Thursday, July 22, 2010

Credit Scoring and Long Term Unemployment

Fred Clark:

MSN Money's Liz Pulliam Weston says a survey of HR managers found the use of credit-checks in hiring had increased from 25 percent in 1998 to 43 percent in 2006. Weston also describes the elegantly nasty conundrum this creates for those who lost their jobs in the global financial crisis:

Many Americans these days are discovering the Catch-22 of unemployment. And that is: You might fall behind on your bills because you've lost your job, and you might not be able to land a new job because you've fallen behind on your bills.

It's even worse than that, actually. One component we've identified in the secretive alleged formulas used by the credit rating agencies is that frequent credit checks will lower your credit score. So even if the unemployed somehow manage not to fall behind on their bills, they're still screwed.

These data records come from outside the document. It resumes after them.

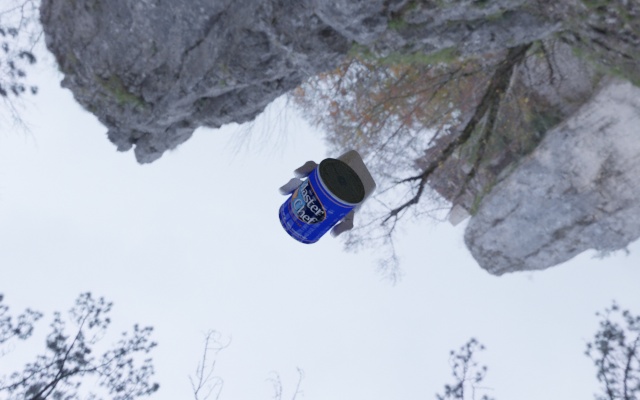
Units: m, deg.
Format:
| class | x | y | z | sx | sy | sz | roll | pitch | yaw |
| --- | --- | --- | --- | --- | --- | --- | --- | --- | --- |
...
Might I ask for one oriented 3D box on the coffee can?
| class | x | y | z | sx | sy | sz | roll | pitch | yaw |
| --- | --- | --- | --- | --- | --- | --- | --- | --- | --- |
| coffee can | 0.000 | 0.003 | 0.894 | 0.103 | 0.102 | 0.140 | 0 | -35 | -44 |
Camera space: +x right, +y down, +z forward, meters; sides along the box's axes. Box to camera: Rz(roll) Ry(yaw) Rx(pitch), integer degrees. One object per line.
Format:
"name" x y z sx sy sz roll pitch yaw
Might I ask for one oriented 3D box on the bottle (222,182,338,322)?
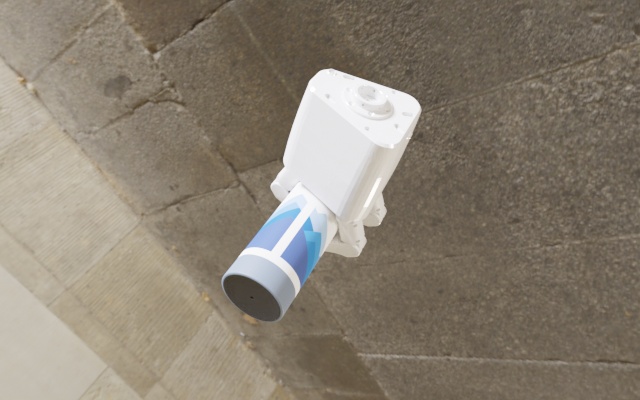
"bottle" 0.000 0.002 0.538 0.069 0.069 0.295 0 37 33
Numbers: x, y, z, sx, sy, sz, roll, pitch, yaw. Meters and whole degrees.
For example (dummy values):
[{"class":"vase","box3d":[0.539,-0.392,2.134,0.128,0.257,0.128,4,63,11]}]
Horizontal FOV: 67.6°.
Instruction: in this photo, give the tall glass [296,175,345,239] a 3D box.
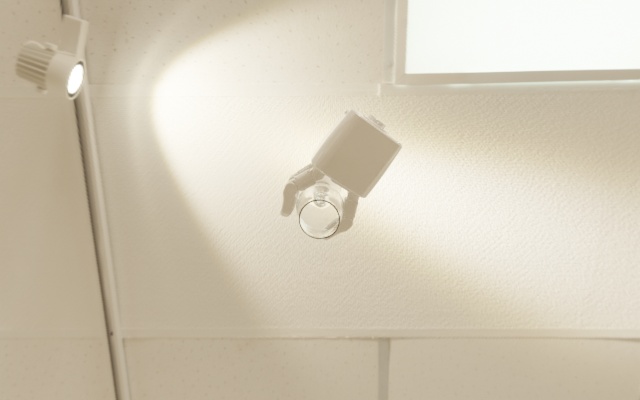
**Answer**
[{"class":"tall glass","box3d":[0.000,0.003,0.801,0.079,0.079,0.201,0,15,1]}]
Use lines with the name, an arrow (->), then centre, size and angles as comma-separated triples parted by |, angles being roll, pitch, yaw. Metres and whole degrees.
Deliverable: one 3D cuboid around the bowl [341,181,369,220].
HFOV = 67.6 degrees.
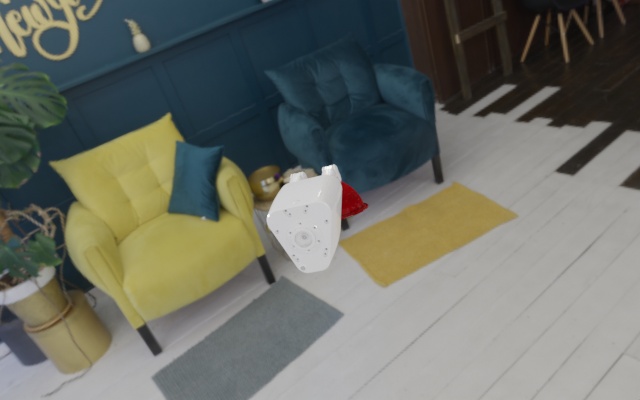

Say you're unemployed and you decide to work your tail off to land a new job, so you send out 40 résumés a week. Half of the companies might decide to do a credit-check before getting back to you. This sets off alarm-bells at the credit-rating agencies. Twenty credit-checks in one week? There goes your credit score. And there goes your hope of landing a new job.

This is what the use of credit scoring in employment decisions means: Looking for a job disqualifies you from being hired.

This is cruelly Kafkaesque. It's also bad for employers, arbitrarily reducing the size of their pool of qualified potential employees. And it's hindering economic recovery, prolonging the revenue-loss and the expense of unemployment, hobbling economic growth and therefore, yep, reducing the overall number of new employees being hired.